> [ABOUT THIS EXERCISE]:
Return, from the listing that follows, each line containing the word "Units".

> [MATERIAL SHOWN]:
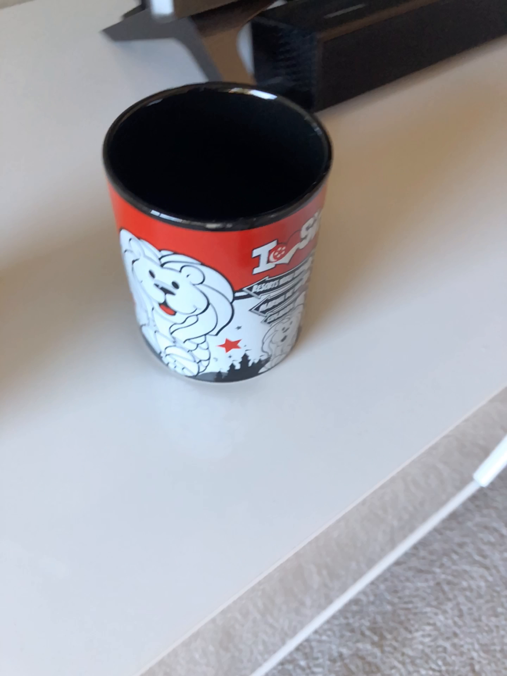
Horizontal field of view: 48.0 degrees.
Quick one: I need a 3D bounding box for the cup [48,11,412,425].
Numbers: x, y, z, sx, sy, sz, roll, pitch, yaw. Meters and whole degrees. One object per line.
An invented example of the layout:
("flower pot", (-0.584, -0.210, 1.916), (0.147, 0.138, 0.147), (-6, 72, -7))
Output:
("cup", (-0.004, -0.053, 0.250), (0.080, 0.110, 0.120), (26, 56, 17))
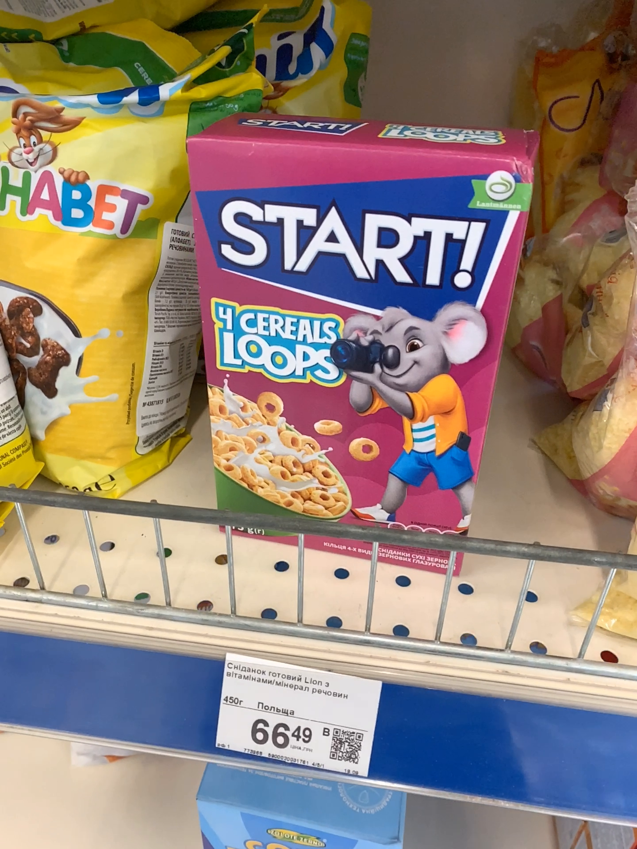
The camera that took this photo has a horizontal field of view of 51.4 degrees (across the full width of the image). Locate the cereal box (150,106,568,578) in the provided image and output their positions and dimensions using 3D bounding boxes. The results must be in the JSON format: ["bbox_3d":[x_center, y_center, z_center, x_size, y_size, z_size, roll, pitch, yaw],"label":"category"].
[{"bbox_3d":[0.013,-0.027,0.251,0.120,0.159,0.050,8,34,11],"label":"cereal box"}]
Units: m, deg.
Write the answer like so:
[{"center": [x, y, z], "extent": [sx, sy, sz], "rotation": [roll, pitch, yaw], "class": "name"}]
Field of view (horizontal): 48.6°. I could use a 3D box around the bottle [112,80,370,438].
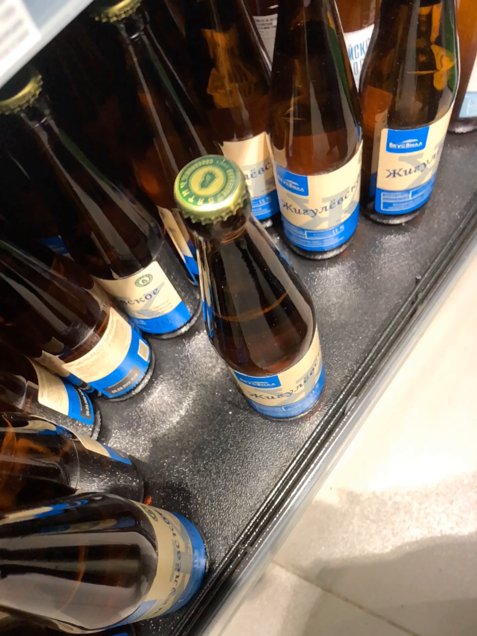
[{"center": [0.018, -0.002, 0.308], "extent": [0.070, 0.249, 0.070], "rotation": [-4, 66, 8], "class": "bottle"}]
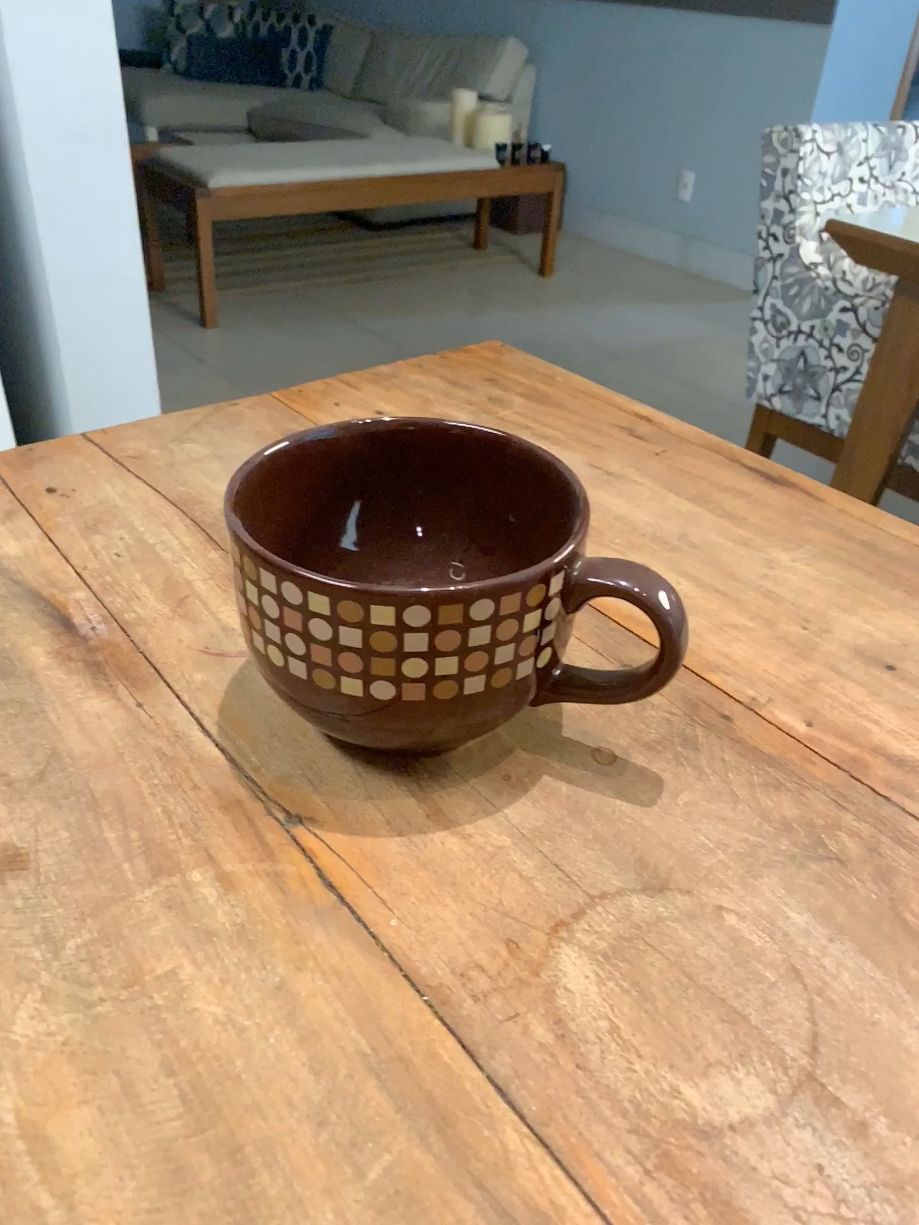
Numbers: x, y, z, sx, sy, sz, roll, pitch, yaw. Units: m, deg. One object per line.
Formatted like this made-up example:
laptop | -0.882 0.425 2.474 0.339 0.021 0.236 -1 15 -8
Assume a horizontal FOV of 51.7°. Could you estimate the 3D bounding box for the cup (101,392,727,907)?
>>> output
cup | -0.010 -0.001 0.363 0.180 0.089 0.141 16 36 17

> [SOLUTION TO THIS PROBLEM]:
Units: m, deg.
Numbers: x, y, z, sx, sy, sz, roll, pitch, yaw. Units: m, deg. One object per line.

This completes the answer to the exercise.